I’m delighted to announce that I’ve just made Andrew Swan (aswan on IRC) a reviewer for Firefox code. That also reminds me that I failed to announce when I did the same for Rob Helmer (rhelmer). Please inundate them with patches.

There are a few key things I look for when promoting folks to reviewers, surprisingly none of them are an understanding of the full breadth of code in Firefox or Toolkit:

  • Get to reviews soon. You don’t have to complete the review necessarily, do a first pass or if you really have no time hand off to someone else quickly.
  • Be courteous, you are a personal connection to Mozilla and you should be as welcoming as Mozilla is supposed to be.
  • Know your limits. Don’t review anything if you don’t understand the code it deals with, help the reviewee find an alternate reviewer.
  • You don’t get to demand the reviewee re-write the patch in your style. If their code meets style guidelines, fixes the bug and is efficient enough don’t waste people’s time by re-architecting it.

Pretty much all of this is demonstrated by seeing what code the potential reviewer is writing and letting them review smaller patches by already well-versed contributors.

Six years revisited

Two years ago I blogged about how it had been six years since I wrote my first patch for Firefox. Today I get to say that it’s been six years since I started getting paid to do what I love, working for Mozilla. In that time I’ve moved to a new continent, found a wife (through Mozilla no less!), progressed from coder to module owner to manager, seen good friends leave for other opportunities and others join and watched (dare I say helped?) Mozilla, and the Firefox team in particular, grow from the small group that I joined in 2007 to the large company that will soon surpass 1000 employees.

One of the things I’ve always appreciated about Mozilla is how flexible they can be about where you work. Recently my wife and I decided to move away from the bay area to be closer to family. It was a hard choice to make as it meant leaving a lot of friends behind but one thing that made it easier was knowing that I wouldn’t have to factor work into that choice. Unlike many other companies I know there is no strict requirement that everyone work from the office. True it is encouraged and it sometimes makes sense to require it for some employees, particularly when starting out, but I knew that when it came time to talk to my manager about it he wouldn’t have a problem with me switching to working remote. Of course six years ago when I started I was living in the UK and remained so for my first two years at Mozilla so he had a pretty good idea that I could handle it, and at least this time I’m only separated from the main office by a short distance and no time-zones.

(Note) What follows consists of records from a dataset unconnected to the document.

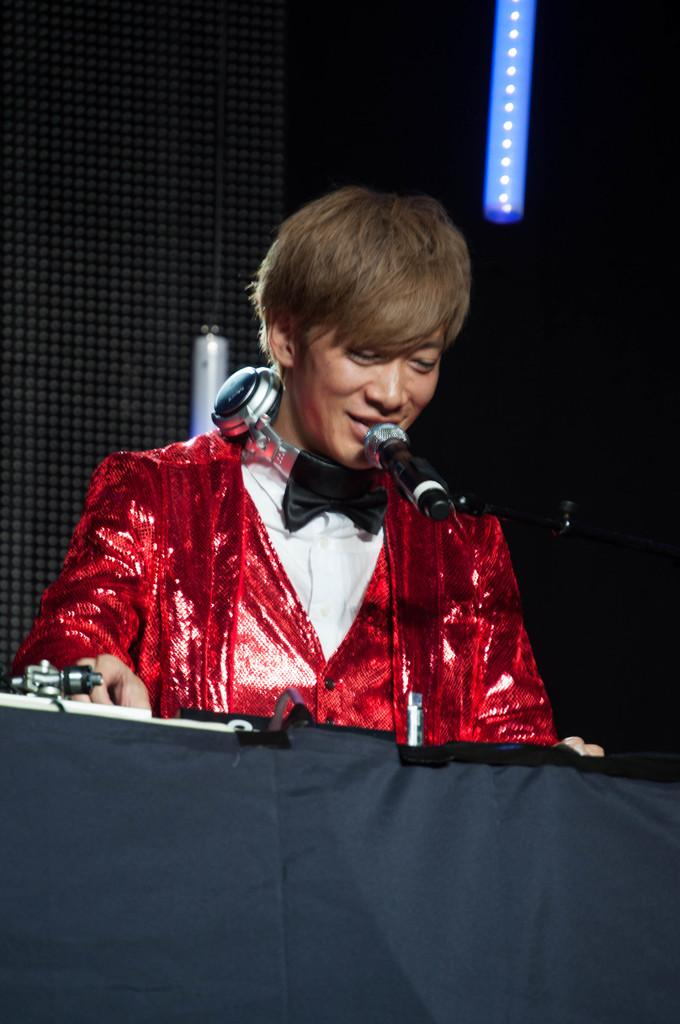Who is present in the image? There is a man in the image. What is the man wearing on his head? The man is wearing a headset. What device is in front of the man? There is a microphone in front of the man. What can be seen in the background of the image? There is light in the background of the image. How much tax does the wax pay in the image? There is no mention of tax or wax in the image; it features a man wearing a headset and using a microphone. 
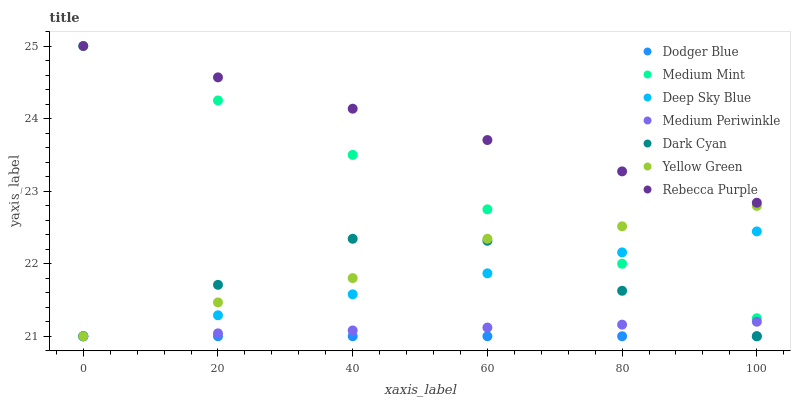Does Dodger Blue have the minimum area under the curve?
Answer yes or no. Yes. Does Rebecca Purple have the maximum area under the curve?
Answer yes or no. Yes. Does Yellow Green have the minimum area under the curve?
Answer yes or no. No. Does Yellow Green have the maximum area under the curve?
Answer yes or no. No. Is Medium Mint the smoothest?
Answer yes or no. Yes. Is Dark Cyan the roughest?
Answer yes or no. Yes. Is Yellow Green the smoothest?
Answer yes or no. No. Is Yellow Green the roughest?
Answer yes or no. No. Does Yellow Green have the lowest value?
Answer yes or no. Yes. Does Rebecca Purple have the lowest value?
Answer yes or no. No. Does Rebecca Purple have the highest value?
Answer yes or no. Yes. Does Yellow Green have the highest value?
Answer yes or no. No. Is Dark Cyan less than Medium Mint?
Answer yes or no. Yes. Is Medium Mint greater than Dark Cyan?
Answer yes or no. Yes. Does Dark Cyan intersect Medium Periwinkle?
Answer yes or no. Yes. Is Dark Cyan less than Medium Periwinkle?
Answer yes or no. No. Is Dark Cyan greater than Medium Periwinkle?
Answer yes or no. No. Does Dark Cyan intersect Medium Mint?
Answer yes or no. No. 
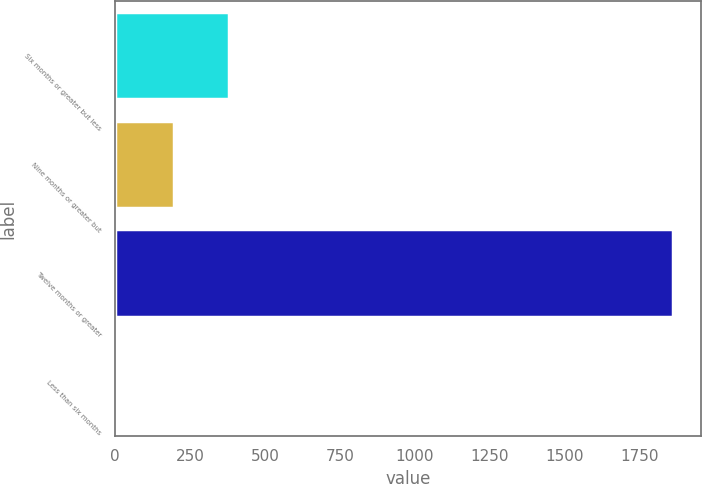Convert chart. <chart><loc_0><loc_0><loc_500><loc_500><bar_chart><fcel>Six months or greater but less<fcel>Nine months or greater but<fcel>Twelve months or greater<fcel>Less than six months<nl><fcel>380.6<fcel>195.3<fcel>1863<fcel>10<nl></chart> 
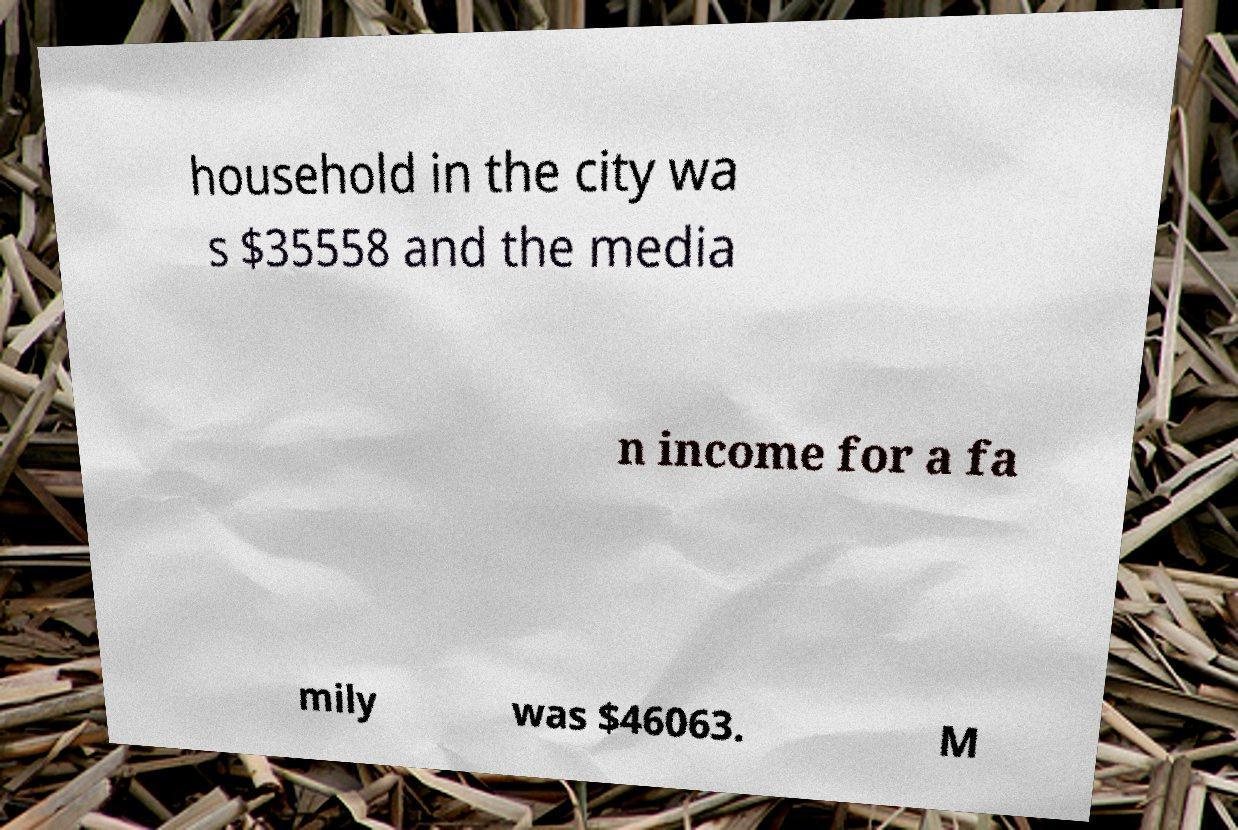Could you assist in decoding the text presented in this image and type it out clearly? household in the city wa s $35558 and the media n income for a fa mily was $46063. M 
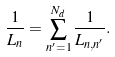Convert formula to latex. <formula><loc_0><loc_0><loc_500><loc_500>\frac { 1 } { L _ { n } } = \sum _ { n ^ { \prime } = 1 } ^ { N _ { d } } \frac { 1 } { L _ { n , n ^ { \prime } } } .</formula> 
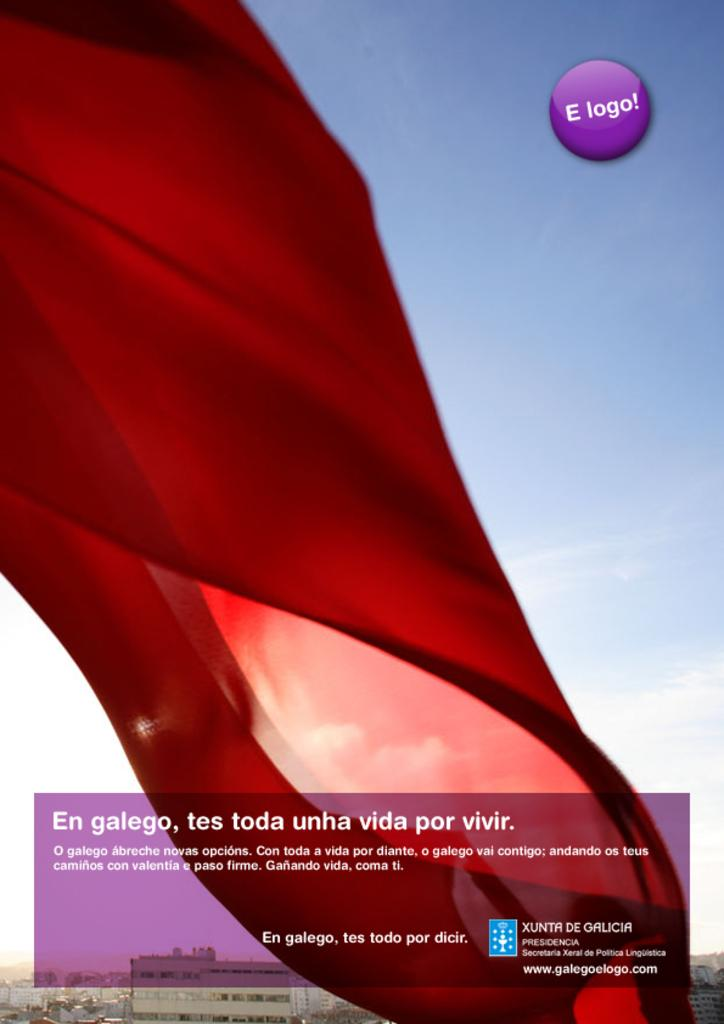<image>
Present a compact description of the photo's key features. a large red curtain with an E logo sign next to it 
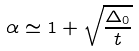<formula> <loc_0><loc_0><loc_500><loc_500>\alpha \simeq 1 + \sqrt { \frac { \Delta _ { 0 } } { t } }</formula> 
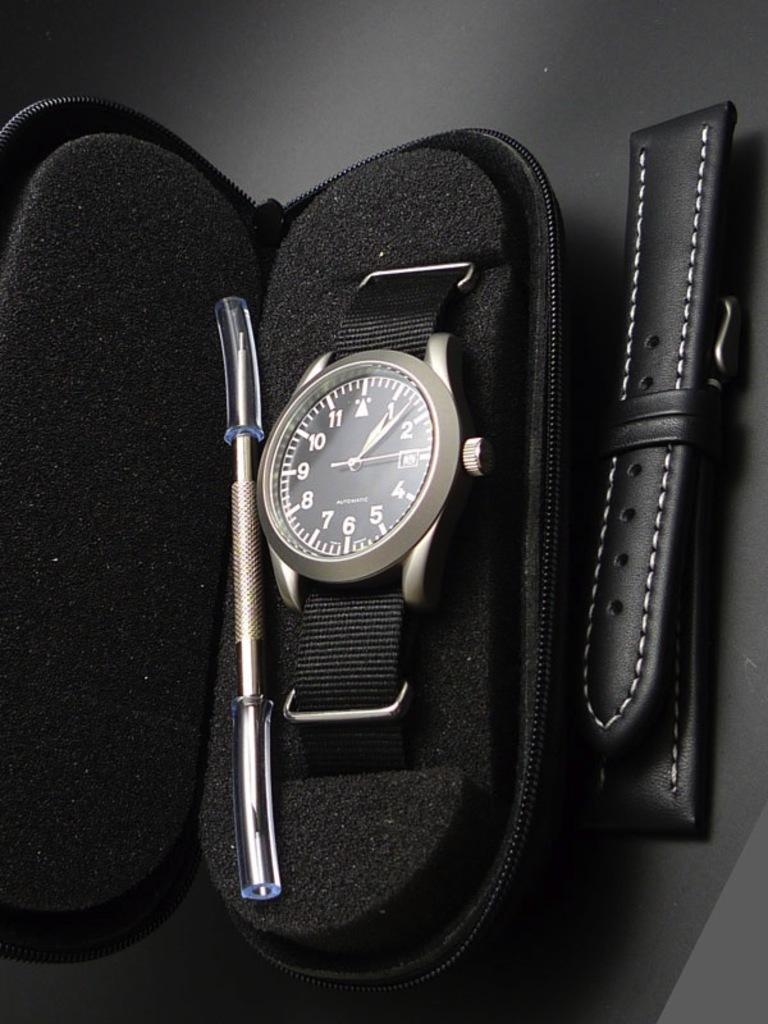<image>
Describe the image concisely. A watch is in a case and it shows a time of 1:08.

The web has changed a lot in the last six years. Back then we were working on Firefox 3, the first release to contain the awesomebar and a built-in way to download extensions from AMO. Twitter and Facebook had only been generally available for about a year. The ideas for CSS3 and HTML5 were barely written, let alone implemented. If you had told me back then that you’d be able to play a 3D game in your browser with no additional plugins, or watch videos without flash I’d have probably thought they were crazy pipe-dreams. We weren’t even Jitting our JS code back then. Mozilla, along with other browser makers, are continuing to prove that HTML, CSS and JS are winning combinations that we can build on to make the future of the web open, performant and powerful. I can’t wait to see what things will be like in another six years.